▶ Description of the task:
Except for the pictures, output the records in full and exactly.

▶ Data to process:
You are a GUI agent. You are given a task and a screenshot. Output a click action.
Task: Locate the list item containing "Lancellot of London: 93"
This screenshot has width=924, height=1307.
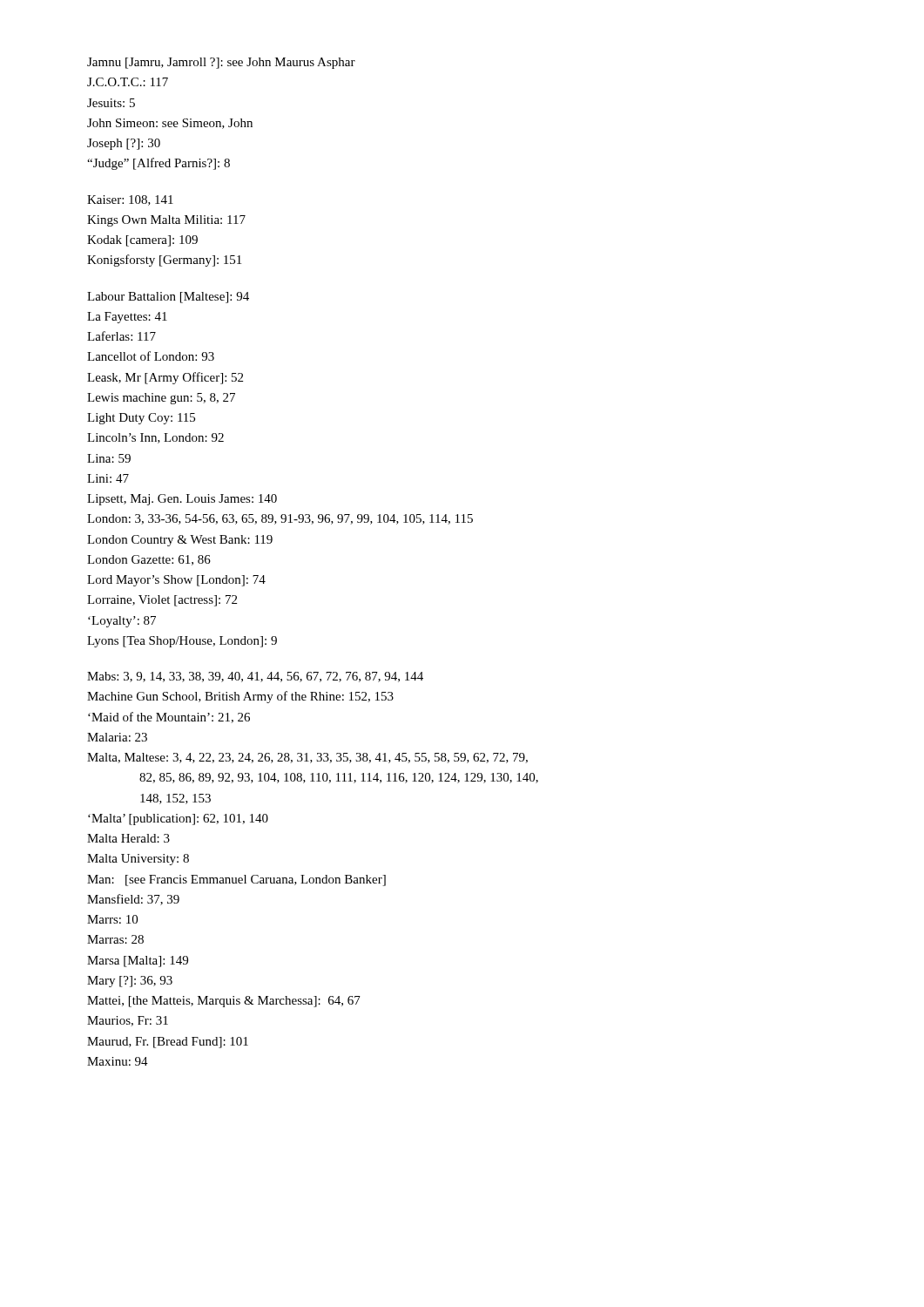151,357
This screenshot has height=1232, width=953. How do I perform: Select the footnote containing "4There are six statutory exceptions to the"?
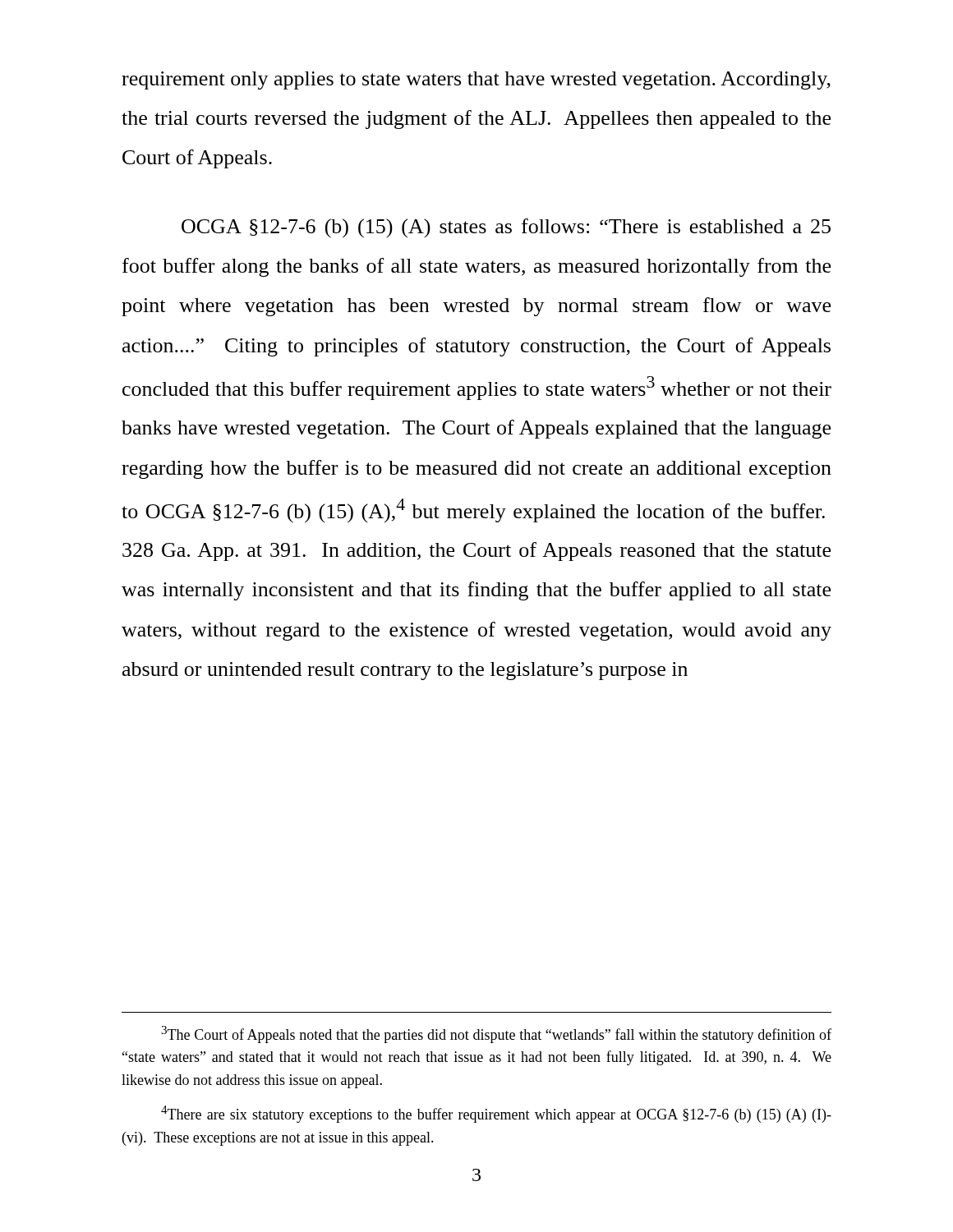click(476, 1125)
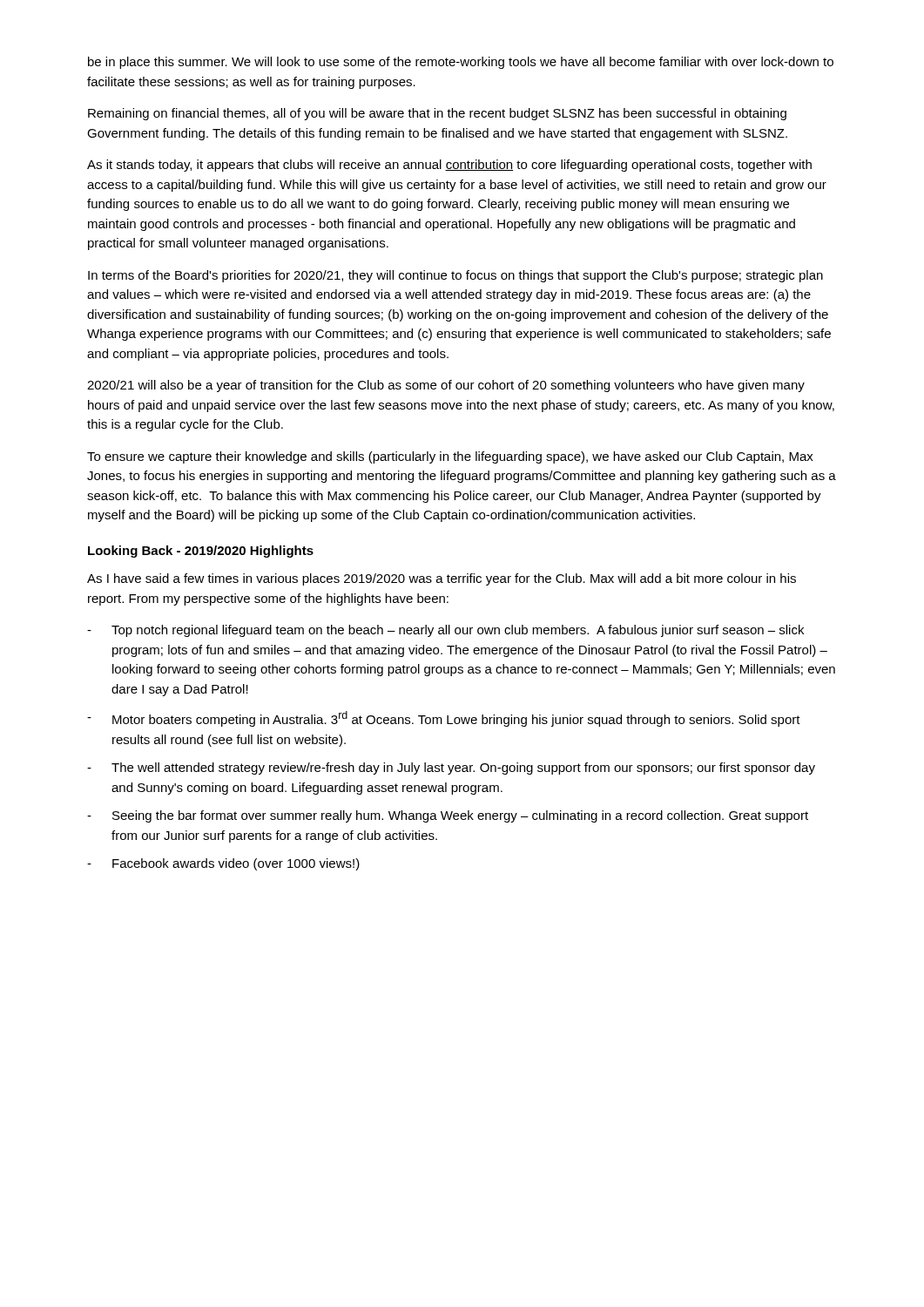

▶ Your response:
You are a GUI agent. You are given a task and a screenshot. Output a click action.
Task: Locate the list item containing "Lancellot of London: 93"
This screenshot has width=924, height=1307.
151,357
This screenshot has height=1232, width=953. How do I perform: Select the footnote containing "4There are six statutory exceptions to the"?
click(476, 1125)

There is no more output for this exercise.